Supplied records =>
=== Begin Enclosure ===

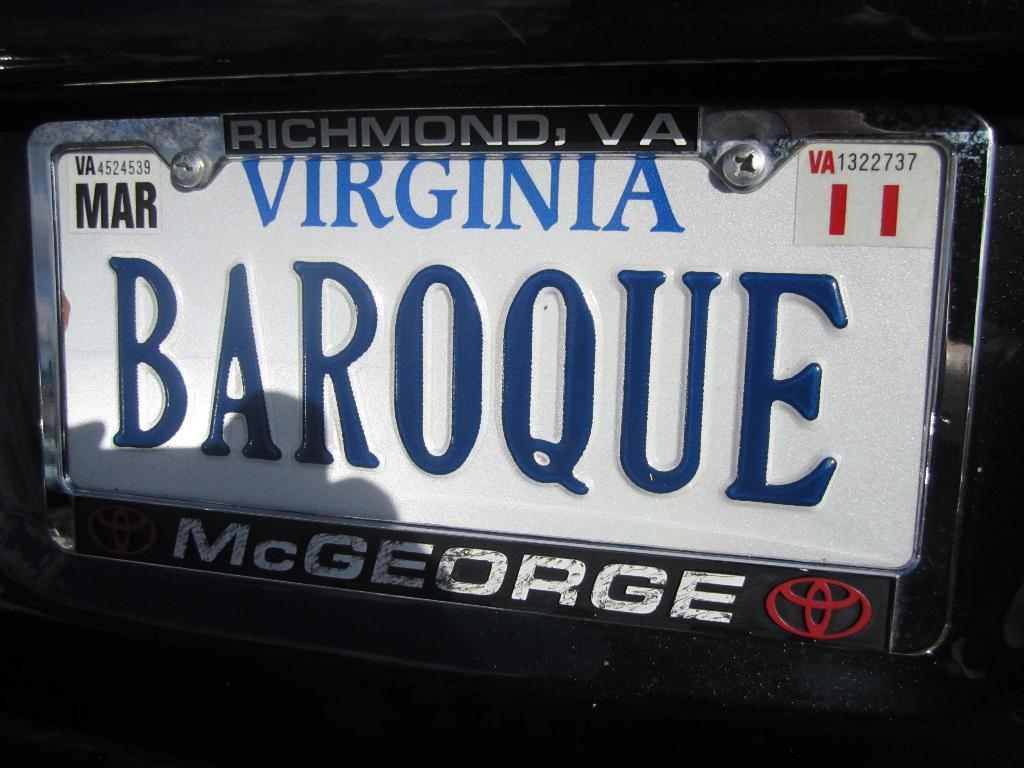<image>
Give a short and clear explanation of the subsequent image. A license plate from Virginia reads, "BAROQUE" and has the Toyota symbol on it. 
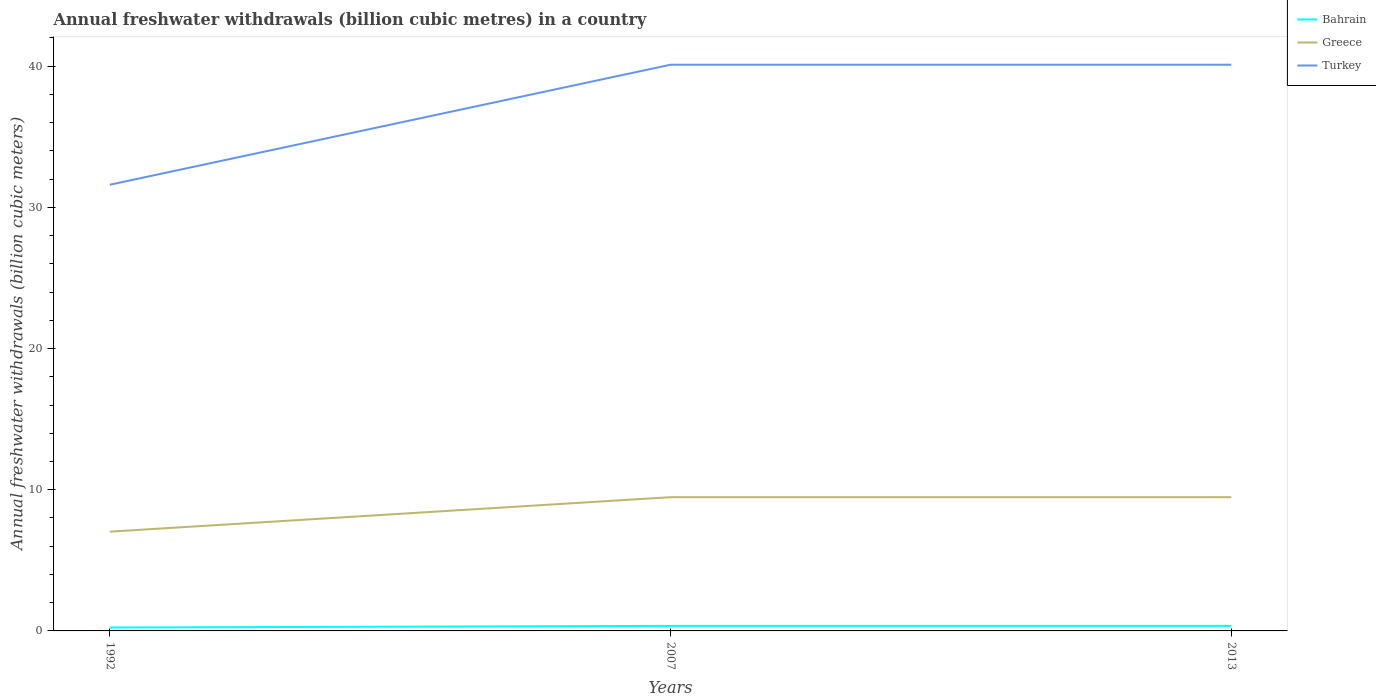Does the line corresponding to Turkey intersect with the line corresponding to Bahrain?
Your response must be concise. No. Across all years, what is the maximum annual freshwater withdrawals in Turkey?
Your answer should be compact. 31.6. In which year was the annual freshwater withdrawals in Turkey maximum?
Give a very brief answer. 1992. What is the total annual freshwater withdrawals in Turkey in the graph?
Offer a very short reply. -8.5. What is the difference between the highest and the second highest annual freshwater withdrawals in Greece?
Keep it short and to the point. 2.44. What is the difference between the highest and the lowest annual freshwater withdrawals in Bahrain?
Provide a succinct answer. 2. Is the annual freshwater withdrawals in Greece strictly greater than the annual freshwater withdrawals in Bahrain over the years?
Your answer should be compact. No. How many years are there in the graph?
Keep it short and to the point. 3. How many legend labels are there?
Offer a very short reply. 3. How are the legend labels stacked?
Provide a succinct answer. Vertical. What is the title of the graph?
Give a very brief answer. Annual freshwater withdrawals (billion cubic metres) in a country. Does "Montenegro" appear as one of the legend labels in the graph?
Keep it short and to the point. No. What is the label or title of the Y-axis?
Provide a succinct answer. Annual freshwater withdrawals (billion cubic meters). What is the Annual freshwater withdrawals (billion cubic meters) of Bahrain in 1992?
Your answer should be compact. 0.24. What is the Annual freshwater withdrawals (billion cubic meters) of Greece in 1992?
Make the answer very short. 7.03. What is the Annual freshwater withdrawals (billion cubic meters) of Turkey in 1992?
Provide a short and direct response. 31.6. What is the Annual freshwater withdrawals (billion cubic meters) in Bahrain in 2007?
Your response must be concise. 0.36. What is the Annual freshwater withdrawals (billion cubic meters) in Greece in 2007?
Keep it short and to the point. 9.47. What is the Annual freshwater withdrawals (billion cubic meters) of Turkey in 2007?
Give a very brief answer. 40.1. What is the Annual freshwater withdrawals (billion cubic meters) in Bahrain in 2013?
Ensure brevity in your answer.  0.36. What is the Annual freshwater withdrawals (billion cubic meters) in Greece in 2013?
Offer a very short reply. 9.47. What is the Annual freshwater withdrawals (billion cubic meters) of Turkey in 2013?
Make the answer very short. 40.1. Across all years, what is the maximum Annual freshwater withdrawals (billion cubic meters) in Bahrain?
Offer a terse response. 0.36. Across all years, what is the maximum Annual freshwater withdrawals (billion cubic meters) of Greece?
Your answer should be compact. 9.47. Across all years, what is the maximum Annual freshwater withdrawals (billion cubic meters) of Turkey?
Give a very brief answer. 40.1. Across all years, what is the minimum Annual freshwater withdrawals (billion cubic meters) in Bahrain?
Offer a very short reply. 0.24. Across all years, what is the minimum Annual freshwater withdrawals (billion cubic meters) of Greece?
Provide a short and direct response. 7.03. Across all years, what is the minimum Annual freshwater withdrawals (billion cubic meters) of Turkey?
Provide a succinct answer. 31.6. What is the total Annual freshwater withdrawals (billion cubic meters) of Bahrain in the graph?
Your answer should be very brief. 0.95. What is the total Annual freshwater withdrawals (billion cubic meters) in Greece in the graph?
Keep it short and to the point. 25.97. What is the total Annual freshwater withdrawals (billion cubic meters) in Turkey in the graph?
Provide a succinct answer. 111.8. What is the difference between the Annual freshwater withdrawals (billion cubic meters) in Bahrain in 1992 and that in 2007?
Provide a short and direct response. -0.12. What is the difference between the Annual freshwater withdrawals (billion cubic meters) in Greece in 1992 and that in 2007?
Your answer should be compact. -2.44. What is the difference between the Annual freshwater withdrawals (billion cubic meters) in Bahrain in 1992 and that in 2013?
Ensure brevity in your answer.  -0.12. What is the difference between the Annual freshwater withdrawals (billion cubic meters) of Greece in 1992 and that in 2013?
Provide a succinct answer. -2.44. What is the difference between the Annual freshwater withdrawals (billion cubic meters) in Bahrain in 1992 and the Annual freshwater withdrawals (billion cubic meters) in Greece in 2007?
Provide a short and direct response. -9.23. What is the difference between the Annual freshwater withdrawals (billion cubic meters) of Bahrain in 1992 and the Annual freshwater withdrawals (billion cubic meters) of Turkey in 2007?
Provide a short and direct response. -39.86. What is the difference between the Annual freshwater withdrawals (billion cubic meters) in Greece in 1992 and the Annual freshwater withdrawals (billion cubic meters) in Turkey in 2007?
Make the answer very short. -33.07. What is the difference between the Annual freshwater withdrawals (billion cubic meters) of Bahrain in 1992 and the Annual freshwater withdrawals (billion cubic meters) of Greece in 2013?
Ensure brevity in your answer.  -9.23. What is the difference between the Annual freshwater withdrawals (billion cubic meters) of Bahrain in 1992 and the Annual freshwater withdrawals (billion cubic meters) of Turkey in 2013?
Offer a very short reply. -39.86. What is the difference between the Annual freshwater withdrawals (billion cubic meters) of Greece in 1992 and the Annual freshwater withdrawals (billion cubic meters) of Turkey in 2013?
Make the answer very short. -33.07. What is the difference between the Annual freshwater withdrawals (billion cubic meters) of Bahrain in 2007 and the Annual freshwater withdrawals (billion cubic meters) of Greece in 2013?
Give a very brief answer. -9.11. What is the difference between the Annual freshwater withdrawals (billion cubic meters) of Bahrain in 2007 and the Annual freshwater withdrawals (billion cubic meters) of Turkey in 2013?
Your answer should be very brief. -39.74. What is the difference between the Annual freshwater withdrawals (billion cubic meters) in Greece in 2007 and the Annual freshwater withdrawals (billion cubic meters) in Turkey in 2013?
Ensure brevity in your answer.  -30.63. What is the average Annual freshwater withdrawals (billion cubic meters) of Bahrain per year?
Provide a short and direct response. 0.32. What is the average Annual freshwater withdrawals (billion cubic meters) of Greece per year?
Provide a succinct answer. 8.66. What is the average Annual freshwater withdrawals (billion cubic meters) in Turkey per year?
Provide a short and direct response. 37.27. In the year 1992, what is the difference between the Annual freshwater withdrawals (billion cubic meters) in Bahrain and Annual freshwater withdrawals (billion cubic meters) in Greece?
Your response must be concise. -6.79. In the year 1992, what is the difference between the Annual freshwater withdrawals (billion cubic meters) in Bahrain and Annual freshwater withdrawals (billion cubic meters) in Turkey?
Give a very brief answer. -31.36. In the year 1992, what is the difference between the Annual freshwater withdrawals (billion cubic meters) of Greece and Annual freshwater withdrawals (billion cubic meters) of Turkey?
Keep it short and to the point. -24.57. In the year 2007, what is the difference between the Annual freshwater withdrawals (billion cubic meters) of Bahrain and Annual freshwater withdrawals (billion cubic meters) of Greece?
Your answer should be very brief. -9.11. In the year 2007, what is the difference between the Annual freshwater withdrawals (billion cubic meters) of Bahrain and Annual freshwater withdrawals (billion cubic meters) of Turkey?
Provide a short and direct response. -39.74. In the year 2007, what is the difference between the Annual freshwater withdrawals (billion cubic meters) in Greece and Annual freshwater withdrawals (billion cubic meters) in Turkey?
Your answer should be compact. -30.63. In the year 2013, what is the difference between the Annual freshwater withdrawals (billion cubic meters) of Bahrain and Annual freshwater withdrawals (billion cubic meters) of Greece?
Your answer should be very brief. -9.11. In the year 2013, what is the difference between the Annual freshwater withdrawals (billion cubic meters) of Bahrain and Annual freshwater withdrawals (billion cubic meters) of Turkey?
Your answer should be compact. -39.74. In the year 2013, what is the difference between the Annual freshwater withdrawals (billion cubic meters) of Greece and Annual freshwater withdrawals (billion cubic meters) of Turkey?
Provide a succinct answer. -30.63. What is the ratio of the Annual freshwater withdrawals (billion cubic meters) in Bahrain in 1992 to that in 2007?
Give a very brief answer. 0.67. What is the ratio of the Annual freshwater withdrawals (billion cubic meters) in Greece in 1992 to that in 2007?
Keep it short and to the point. 0.74. What is the ratio of the Annual freshwater withdrawals (billion cubic meters) of Turkey in 1992 to that in 2007?
Offer a terse response. 0.79. What is the ratio of the Annual freshwater withdrawals (billion cubic meters) in Bahrain in 1992 to that in 2013?
Provide a succinct answer. 0.67. What is the ratio of the Annual freshwater withdrawals (billion cubic meters) in Greece in 1992 to that in 2013?
Keep it short and to the point. 0.74. What is the ratio of the Annual freshwater withdrawals (billion cubic meters) in Turkey in 1992 to that in 2013?
Your response must be concise. 0.79. What is the ratio of the Annual freshwater withdrawals (billion cubic meters) in Turkey in 2007 to that in 2013?
Keep it short and to the point. 1. What is the difference between the highest and the second highest Annual freshwater withdrawals (billion cubic meters) in Bahrain?
Your answer should be very brief. 0. What is the difference between the highest and the second highest Annual freshwater withdrawals (billion cubic meters) of Turkey?
Provide a short and direct response. 0. What is the difference between the highest and the lowest Annual freshwater withdrawals (billion cubic meters) in Bahrain?
Your response must be concise. 0.12. What is the difference between the highest and the lowest Annual freshwater withdrawals (billion cubic meters) of Greece?
Offer a very short reply. 2.44.

=== End Enclosure ===

Leave out any pictures, please, and quote only the lines from the top of the data through the line that contains "Your response must be concise. No.".

Output =>
<image>
Give a short and clear explanation of the subsequent image. A license plate from Virginia reads, "BAROQUE" and has the Toyota symbol on it. 
Does the line corresponding to Turkey intersect with the line corresponding to Bahrain?
Your response must be concise. No. Across all years, what is the maximum annual freshwater withdrawals in Turkey?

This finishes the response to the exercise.